Deux de ces 12 virus, Phasi Charoen-like virus (PCLV) et Humaita Tubiacanga virus (HTV), ont attiré l’attention des chercheurs en raison notamment de leur prévalence élevée. Pour savoir si ces deux virus pouvaient avoir un impact sur la transmission de la dengue, les scientifiques se sont intéressés à une petite ville du Sud-Est du Brésil, Caratinga, où la dengue est endémique et pour laquelle ils disposaient d’une collection archivée d’ARNs de plus de 500 moustiques collectés à cet endroit sur une année. L’analyse a révélé une interaction des deux virus HTV et PCLV avec le virus de la dengue : les moustiques infectés des virus HTV et PCLV avaient une probabilité trois fois plus élevée d’être également infectés par le virus de la dengue.

Prévenir les épidémies

Les scientifiques ont ensuite confirmé cette observation dans l’environnement contrôlé de l’Insectarium de Strasbourg. En utilisant une modélisation mathématique, les chercheurs suggèrent que cette capacité infectieuse plus élevée pourrait multiplier le risque de transmission de la dengue et de Zika par cinq quand HTV et PCLV sont présents.
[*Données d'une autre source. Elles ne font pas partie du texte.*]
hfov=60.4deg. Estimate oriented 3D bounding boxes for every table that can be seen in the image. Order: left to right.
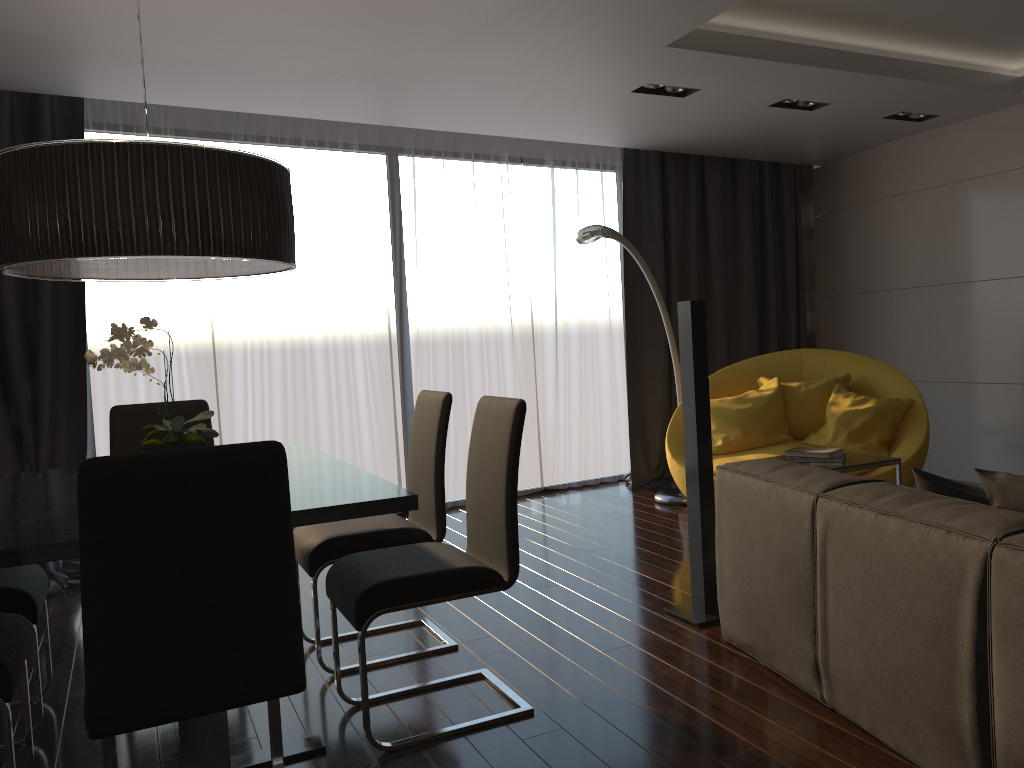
[{"bbox_3d":[-1.013,0.684,2.743,1.087,0.760,1.532,-4,3,-25],"label":"table"},{"bbox_3d":[1.315,0.613,3.825,0.628,0.563,0.430,-4,3,-26],"label":"table"}]

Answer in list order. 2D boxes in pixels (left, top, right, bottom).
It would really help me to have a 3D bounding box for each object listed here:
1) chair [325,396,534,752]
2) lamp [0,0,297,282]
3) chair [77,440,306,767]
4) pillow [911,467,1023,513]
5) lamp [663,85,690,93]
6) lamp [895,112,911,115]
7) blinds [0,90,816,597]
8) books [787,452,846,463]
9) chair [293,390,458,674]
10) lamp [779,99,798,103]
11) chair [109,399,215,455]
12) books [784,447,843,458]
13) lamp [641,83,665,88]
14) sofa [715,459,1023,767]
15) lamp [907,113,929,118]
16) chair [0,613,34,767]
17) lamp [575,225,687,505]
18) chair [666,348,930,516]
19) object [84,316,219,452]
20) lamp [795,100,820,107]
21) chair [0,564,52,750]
[{"bbox_3d":[-0.255,0.542,2.750,0.598,0.964,0.409,-4,3,-26],"label":"chair"},{"bbox_3d":[-1.110,-0.892,2.658,0.810,1.102,0.798,-3,3,-2],"label":"lamp"},{"bbox_3d":[-0.718,0.602,1.990,0.447,0.964,0.547,-4,3,-25],"label":"chair"},{"bbox_3d":[1.957,0.344,1.914,2.015,0.431,1.100,-2,3,26],"label":"pillow"},{"bbox_3d":[0.942,-1.690,4.958,0.182,0.077,0.172,-4,3,-14],"label":"lamp"},{"bbox_3d":[2.566,-1.812,5.799,0.180,0.077,0.174,-3,3,-7],"label":"lamp"},{"bbox_3d":[-0.721,-0.531,5.733,7.886,2.893,0.710,-5,3,-34],"label":"blinds"},{"bbox_3d":[1.327,0.319,3.828,0.223,0.023,0.169,-2,3,23],"label":"books"},{"bbox_3d":[-0.525,0.527,3.363,0.598,0.964,0.409,-4,3,-26],"label":"chair"},{"bbox_3d":[1.670,-1.745,5.335,0.180,0.077,0.174,-3,3,-7],"label":"lamp"},{"bbox_3d":[-1.353,0.563,3.491,0.447,0.964,0.547,-4,3,-25],"label":"chair"},{"bbox_3d":[1.313,0.297,3.832,0.194,0.022,0.163,-1,4,40],"label":"books"},{"bbox_3d":[0.774,-1.677,4.871,0.186,0.077,0.168,-5,3,-31],"label":"lamp"},{"bbox_3d":[2.311,0.550,2.520,2.821,0.704,2.409,-4,3,-16],"label":"sofa"},{"bbox_3d":[2.733,-1.824,5.886,0.182,0.077,0.172,-4,3,-14],"label":"lamp"},{"bbox_3d":[-1.517,0.637,2.097,0.598,0.964,0.409,-4,3,-26],"label":"chair"},{"bbox_3d":[1.798,-0.150,6.579,0.550,1.779,4.473,-1,3,44],"label":"lamp"},{"bbox_3d":[1.674,0.308,5.211,1.448,1.005,1.189,-1,3,30],"label":"chair"},{"bbox_3d":[-1.074,0.060,2.600,0.325,0.501,0.547,-4,3,-28],"label":"object"},{"bbox_3d":[1.837,-1.757,5.422,0.182,0.077,0.172,-4,3,-14],"label":"lamp"},{"bbox_3d":[-1.787,0.622,2.710,0.598,0.964,0.409,-4,3,-26],"label":"chair"}]

La dengue est la maladie infectieuse virale transmise par les moustiques dont la fréquence augmente le plus rapidement dans le monde, causant actuellement 400 millions de nouvelles infections chaque année

En étudiant l’expression des gènes dans les moustiques infectés par la dengue, en l’absence ou en présence d’HTV et PCLV, les scientifiques ont découvert le rôle important des histones (les protéines qui s’associent à l’ADN pour le compacter et former la chromatine). Leurs résultats montrent que le virus de la dengue utilise l’histone H4 pour se multiplier chez le moustique.

Une meilleure connaissance des mécanismes moléculaires qui régissent l’interaction entre ces trois virus parait primordiale pour la suite de nos recherches. Comprendre ce qui favorise la transmission des virus Zika et de la dengue pourrait permettre de proposer des stratégies plus efficaces pour diminuer la transmission du virus à l’humain, et de limiter, voire prévenir les épidémies, conclut João Marques, nouvellement recruté comme directeur de recherche Inserm et dernier auteur de l’étude.

*L’IBMC regroupe trois unités de recherche rattachées au CNRS. Il est soutenu par l’Université de Strasbourg et l’Inserm.